Directions => The job is to find each line in the entries holding the string "across" and copy that line.
** Records for the exercise follows **
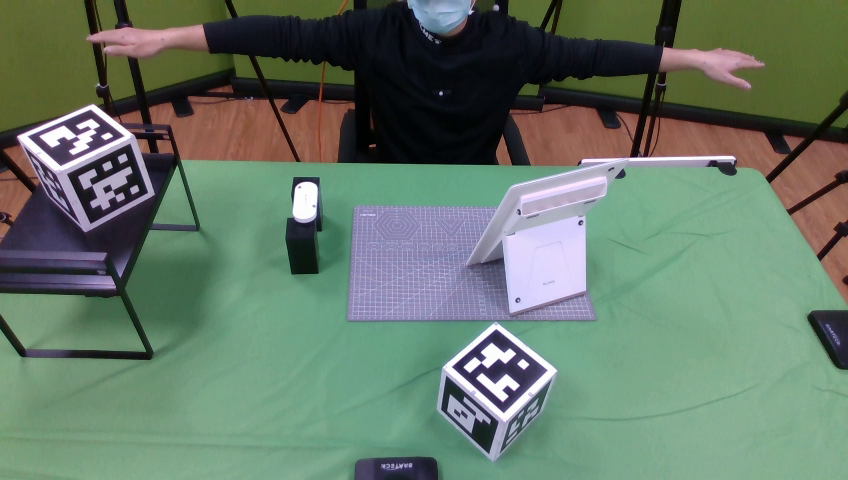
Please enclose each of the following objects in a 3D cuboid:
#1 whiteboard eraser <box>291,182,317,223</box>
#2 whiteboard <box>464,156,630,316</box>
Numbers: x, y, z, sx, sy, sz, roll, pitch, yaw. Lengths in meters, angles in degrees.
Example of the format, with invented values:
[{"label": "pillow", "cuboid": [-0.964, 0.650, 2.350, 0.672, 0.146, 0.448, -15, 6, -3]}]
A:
[{"label": "whiteboard eraser", "cuboid": [-0.219, -0.070, 1.111, 0.041, 0.019, 0.100, -2, 45, -3]}, {"label": "whiteboard", "cuboid": [0.224, 0.014, 1.041, 0.217, 0.306, 0.143, -14, 68, -17]}]
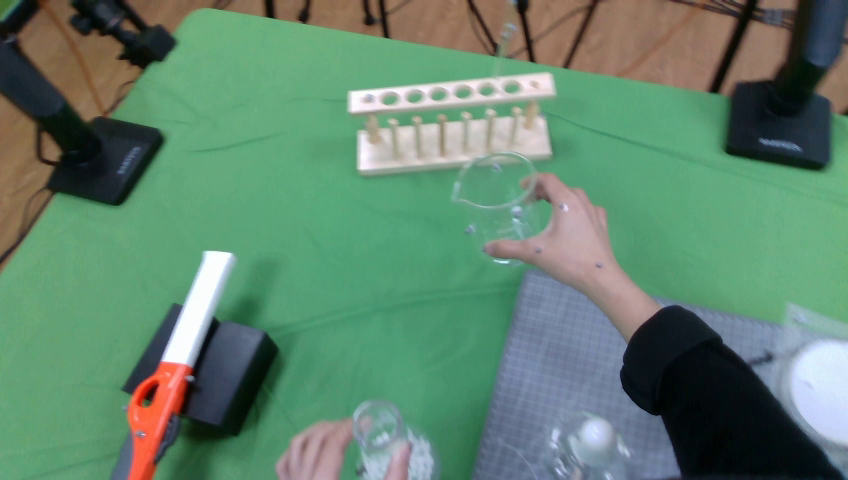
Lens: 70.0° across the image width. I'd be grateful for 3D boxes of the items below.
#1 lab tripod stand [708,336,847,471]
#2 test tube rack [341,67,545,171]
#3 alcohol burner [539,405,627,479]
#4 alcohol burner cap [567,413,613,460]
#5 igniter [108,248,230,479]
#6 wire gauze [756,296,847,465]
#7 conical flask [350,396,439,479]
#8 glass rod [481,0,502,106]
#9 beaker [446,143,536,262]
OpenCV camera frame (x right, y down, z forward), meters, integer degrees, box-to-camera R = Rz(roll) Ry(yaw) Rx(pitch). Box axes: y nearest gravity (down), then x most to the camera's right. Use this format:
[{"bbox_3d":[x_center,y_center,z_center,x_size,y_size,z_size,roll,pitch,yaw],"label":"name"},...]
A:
[{"bbox_3d":[0.328,0.149,0.531,0.148,0.132,0.147,-1,60,2],"label":"lab tripod stand"},{"bbox_3d":[0.025,-0.148,0.749,0.242,0.086,0.066,-5,61,1],"label":"test tube rack"},{"bbox_3d":[0.144,0.181,0.538,0.078,0.120,0.077,-1,60,2],"label":"alcohol burner"},{"bbox_3d":[0.141,0.162,0.507,0.034,0.048,0.033,0,54,0],"label":"alcohol burner cap"},{"bbox_3d":[-0.250,0.130,0.595,0.057,0.025,0.274,4,60,12],"label":"igniter"},{"bbox_3d":[0.332,0.114,0.472,0.121,0.011,0.124,18,64,12],"label":"wire gauze"},{"bbox_3d":[-0.030,0.166,0.493,0.075,0.123,0.074,-3,55,5],"label":"conical flask"},{"bbox_3d":[0.076,-0.200,0.698,0.008,0.201,0.008,1,61,-1],"label":"glass rod"},{"bbox_3d":[0.069,-0.031,0.591,0.084,0.101,0.073,-23,50,-1],"label":"beaker"}]
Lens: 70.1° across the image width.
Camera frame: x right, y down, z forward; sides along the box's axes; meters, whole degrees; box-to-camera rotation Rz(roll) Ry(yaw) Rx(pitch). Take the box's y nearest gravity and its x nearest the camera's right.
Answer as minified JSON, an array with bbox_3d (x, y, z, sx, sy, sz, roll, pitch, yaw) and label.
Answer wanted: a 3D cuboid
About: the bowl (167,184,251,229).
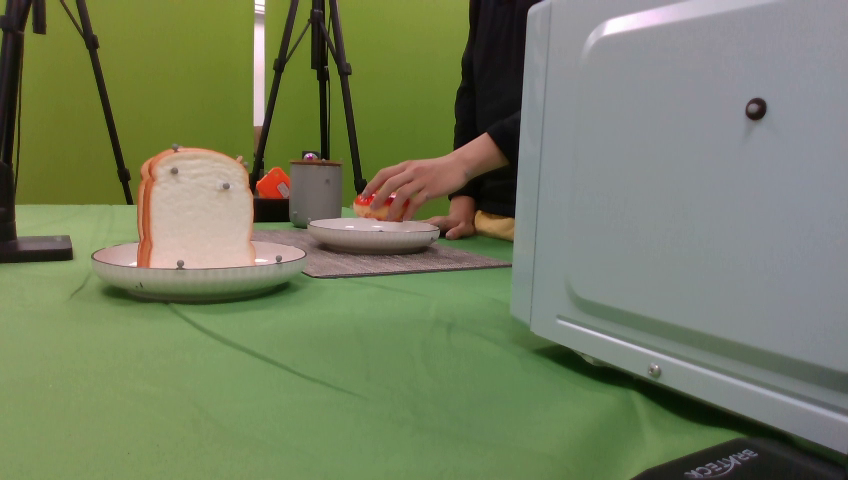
[{"bbox_3d":[-0.408,-0.064,1.154,0.151,0.077,0.151,2,8,0],"label":"bowl"}]

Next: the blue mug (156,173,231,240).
[{"bbox_3d":[-0.381,-0.057,1.004,0.117,0.106,0.082,0,8,-12],"label":"blue mug"}]

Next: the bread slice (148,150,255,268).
[{"bbox_3d":[-0.230,-0.024,0.618,0.107,0.134,0.018,-8,10,-34],"label":"bread slice"}]

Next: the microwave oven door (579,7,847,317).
[{"bbox_3d":[0.294,-0.067,0.570,0.358,0.243,0.039,-3,9,-31],"label":"microwave oven door"}]

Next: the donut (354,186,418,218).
[{"bbox_3d":[-0.059,-0.058,0.947,0.099,0.048,0.099,3,11,0],"label":"donut"}]

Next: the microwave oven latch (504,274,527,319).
[{"bbox_3d":[0.100,0.041,0.471,0.079,0.029,0.030,-1,8,-28],"label":"microwave oven latch"}]

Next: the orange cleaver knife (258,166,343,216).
[{"bbox_3d":[-0.276,-0.090,1.369,0.212,0.077,0.012,33,-11,-34],"label":"orange cleaver knife"}]

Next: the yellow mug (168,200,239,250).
[{"bbox_3d":[-0.320,-0.023,0.904,0.130,0.064,0.100,9,11,36],"label":"yellow mug"}]

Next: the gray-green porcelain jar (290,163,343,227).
[{"bbox_3d":[-0.217,-0.091,1.221,0.106,0.126,0.106,2,7,0],"label":"gray-green porcelain jar"}]

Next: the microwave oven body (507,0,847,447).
[{"bbox_3d":[0.331,-0.042,0.425,0.444,0.260,0.324,-2,8,-31],"label":"microwave oven body"}]

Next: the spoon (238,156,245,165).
[{"bbox_3d":[-0.477,-0.145,1.492,0.041,0.022,0.193,-1,51,13],"label":"spoon"}]

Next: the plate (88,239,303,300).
[{"bbox_3d":[-0.233,0.029,0.636,0.208,0.039,0.207,2,7,0],"label":"plate"}]

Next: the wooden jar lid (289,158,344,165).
** End of Records for the exercise **
Answer space =>
Lens: 70.0° across the image width. I'd be grateful for 3D boxes of the items below.
Lens: 70.1° across the image width.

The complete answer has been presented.